=== Supplied records ===
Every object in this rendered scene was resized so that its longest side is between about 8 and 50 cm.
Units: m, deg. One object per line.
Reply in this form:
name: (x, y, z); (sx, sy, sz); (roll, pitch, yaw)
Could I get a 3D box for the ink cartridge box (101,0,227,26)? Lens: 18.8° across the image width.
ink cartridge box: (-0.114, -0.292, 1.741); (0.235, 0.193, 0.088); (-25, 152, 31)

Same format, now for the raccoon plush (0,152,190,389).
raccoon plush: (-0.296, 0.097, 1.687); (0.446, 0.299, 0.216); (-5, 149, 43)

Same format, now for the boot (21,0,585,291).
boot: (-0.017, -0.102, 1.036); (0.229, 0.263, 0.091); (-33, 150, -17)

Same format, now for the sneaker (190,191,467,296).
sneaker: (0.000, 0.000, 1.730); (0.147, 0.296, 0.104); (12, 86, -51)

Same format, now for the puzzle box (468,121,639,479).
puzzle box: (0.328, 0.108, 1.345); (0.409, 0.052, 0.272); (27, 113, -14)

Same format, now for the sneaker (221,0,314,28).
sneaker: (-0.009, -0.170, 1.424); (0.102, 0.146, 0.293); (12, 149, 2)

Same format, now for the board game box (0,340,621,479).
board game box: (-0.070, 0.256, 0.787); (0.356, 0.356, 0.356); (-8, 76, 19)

---

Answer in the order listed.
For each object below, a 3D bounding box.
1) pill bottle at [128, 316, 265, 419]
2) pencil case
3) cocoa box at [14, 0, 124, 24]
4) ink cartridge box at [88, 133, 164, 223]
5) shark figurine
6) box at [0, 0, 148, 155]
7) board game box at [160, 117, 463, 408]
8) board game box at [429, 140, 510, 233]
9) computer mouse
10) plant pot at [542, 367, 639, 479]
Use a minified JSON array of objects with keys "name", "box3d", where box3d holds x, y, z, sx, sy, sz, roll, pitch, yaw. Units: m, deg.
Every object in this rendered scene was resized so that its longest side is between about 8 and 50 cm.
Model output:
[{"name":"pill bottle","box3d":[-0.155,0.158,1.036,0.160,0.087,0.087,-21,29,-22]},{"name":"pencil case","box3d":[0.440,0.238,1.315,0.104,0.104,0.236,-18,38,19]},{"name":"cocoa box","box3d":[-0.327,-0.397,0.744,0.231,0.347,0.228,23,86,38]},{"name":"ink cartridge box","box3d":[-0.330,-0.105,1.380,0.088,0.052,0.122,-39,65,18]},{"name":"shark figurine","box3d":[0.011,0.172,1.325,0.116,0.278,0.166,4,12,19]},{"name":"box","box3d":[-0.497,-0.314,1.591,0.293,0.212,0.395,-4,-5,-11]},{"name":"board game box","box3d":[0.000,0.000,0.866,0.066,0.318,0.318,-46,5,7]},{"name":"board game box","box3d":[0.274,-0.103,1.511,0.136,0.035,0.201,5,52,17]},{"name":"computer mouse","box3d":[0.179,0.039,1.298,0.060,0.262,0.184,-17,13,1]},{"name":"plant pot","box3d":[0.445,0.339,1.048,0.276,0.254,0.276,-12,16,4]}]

=== Problem requirements ===
The answer must be every line of the data that contains the word "pitch".

=== Result below ===
name: (x, y, z); (sx, sy, sz); (roll, pitch, yaw)
Use a minified JSON array of objects with keys "name", "box3d", where box3d holds x, y, z, sx, sy, sz, roll, pitch, yaw. Units: m, deg.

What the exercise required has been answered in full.